Let $B$ and $F$ be compact Hausdorff spaces.

Let $E\to B$ be a fiber bundle with fibre $F$ and structure group $\mathrm{Homeo}(F)$, the group of homeomorphisms of $F$.

I think this induces a fiber bundle $E'$ over $B$ with fiber $C(F,\mathbb C)$, the C*-algebra of continuous functions on $F$, and with structure group $\mathrm{Aut}(C(F,\mathbb C))\cong\mathrm{Homeo}(F)$, the group of *-automorphisms of $C(F,\mathbb C)$.

(To be more explicit about what happens here: my idea is: take a covering of $B$ which trivialises $E$. The transition functions give me a cocycle with values in the structure group $\mathrm{Homeo}(F)$. But, since $\mathrm{Homeo}(F)\cong\mathrm{Aut}(C(F,\mathbb C))$, I get a cocycle with values in $\mathrm{Aut}(C(F,\mathbb C))$, which I'd like to use to glue my new bundle.)

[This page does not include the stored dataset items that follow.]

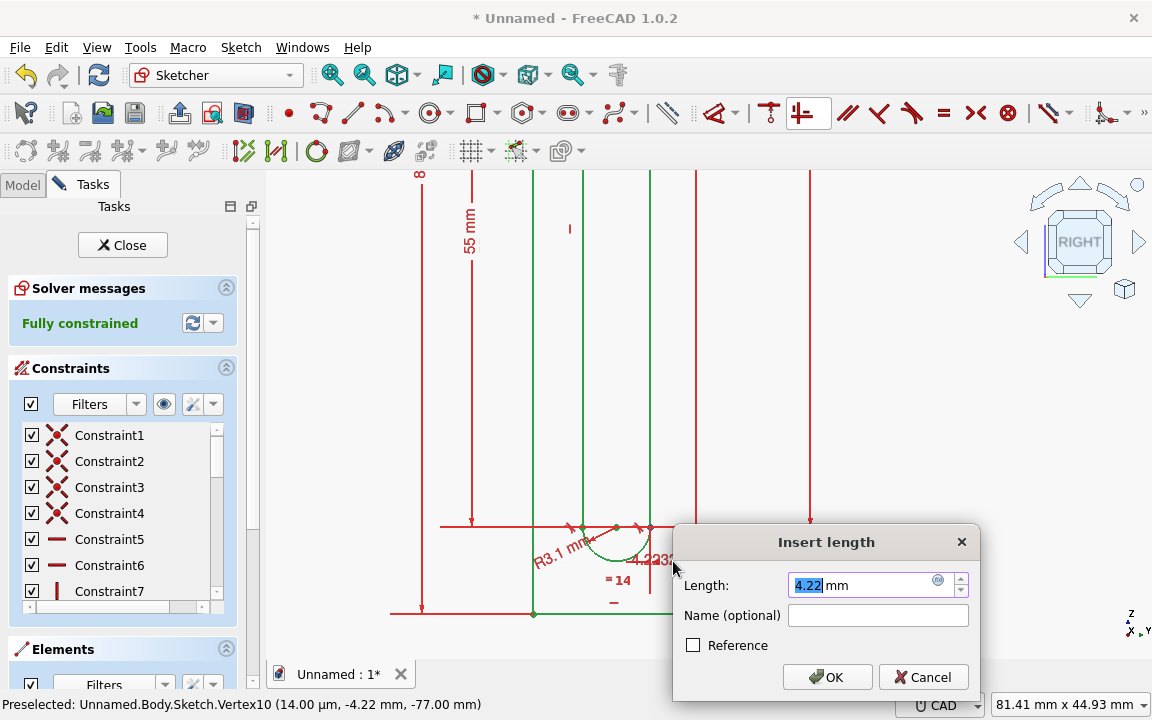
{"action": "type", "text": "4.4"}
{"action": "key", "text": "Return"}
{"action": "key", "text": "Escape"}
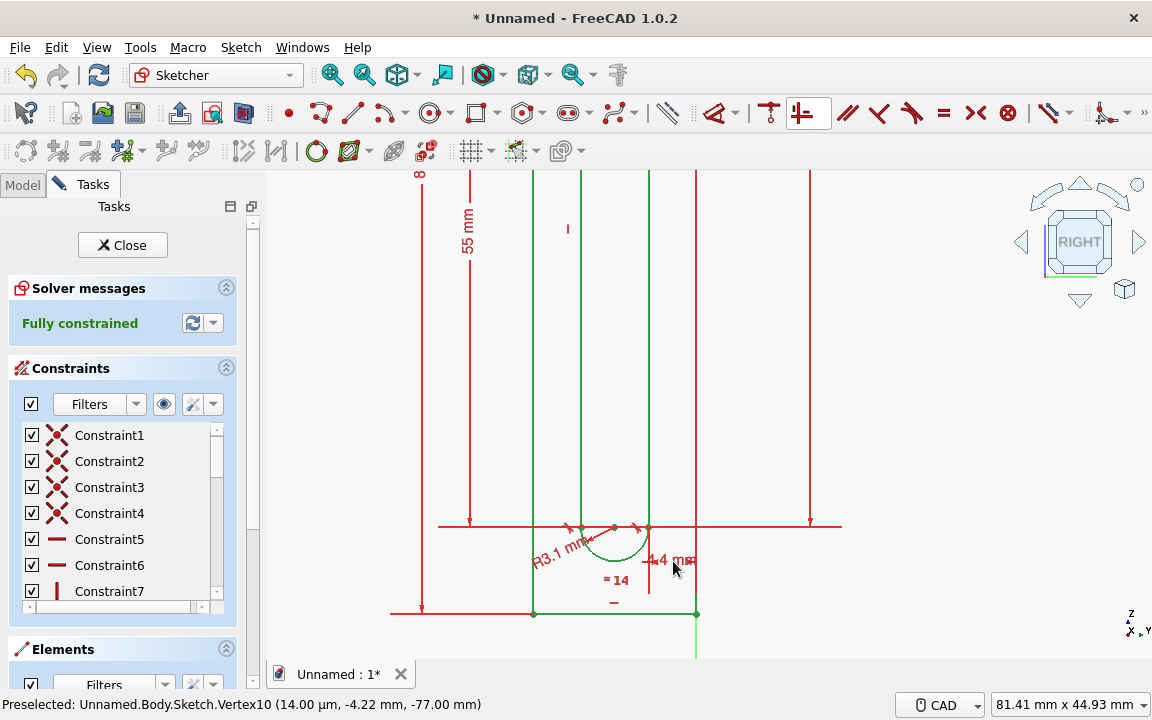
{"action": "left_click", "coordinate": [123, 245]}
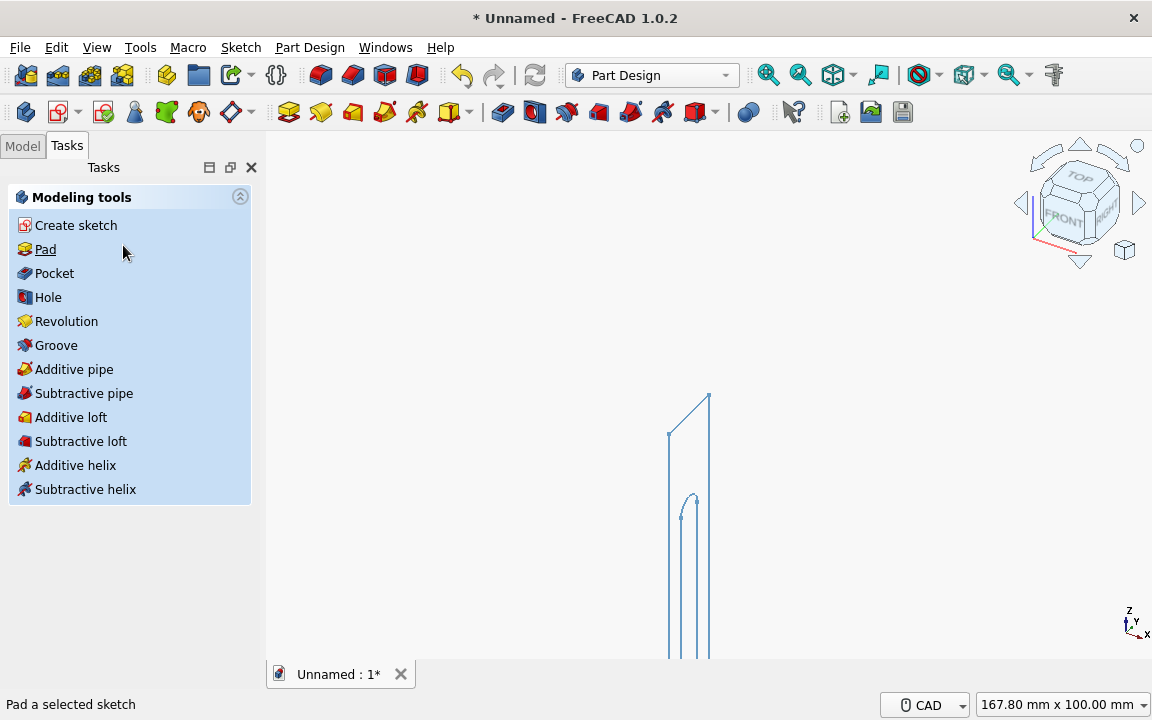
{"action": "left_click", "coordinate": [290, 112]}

Let $\Gamma(B,E')$ denote the continuous sections of $E'$. I think pointwise operations turn this into a C*-algebra. Since the fiber $C(F,\mathbb C)$ is commutative, $\Gamma(B,E')$ is commutative as well.

Question: What is the spectrum of $\Gamma(B,E')$?

Example: If $E\cong B\times F$ is the trivial bundle, then $E'\cong B\times C(F,\mathbb C)$ and thus $$\Gamma(B,E')\cong C(B,C(F,\mathbb C))\cong C(B\times F,\mathbb C).$$ This suggests that the spectrum of $\Gamma(B,E')$ is actually $E$.

Edit: I posted this question on MO where it was solved in a comment by Anton Deitmar.

  • 0
    by induce do you mean just take functions into $\mathbb{C}$ fiberwise? or rather, can you be more explicit in that step, i am missing what exactly you do there. It seems like there could be some dumb things you could do.2011-02-16
  • 0
    @Sean Tilson: I added some clarification.2011-02-17
  • 0
    No progress?${}{}$2011-10-10
  • 0
    Hey, t. I just added a tag about [tag:fiber-bundles] tag because the [tag:bundes] tag was deleted, it seems. Actually I posted the question on MO [here](http://mathoverflow.net/questions/55954). Anton Deitmar made a comment which solves the question. I should have linked to the MO thread earlier.2011-10-10
  • 0
    Oh, yes, I forgot about that :) Thanks for reminding me.2011-10-10
  • 1
    @Rasmus, why don't you answer your question? It is hang in the top of unanswered question of functional analysis, though it already answered.2012-06-05

1 Answers 1

2

[As requested by Norbert:]

I posted this question on MO where it was solved in a comment by Anton Deitmar.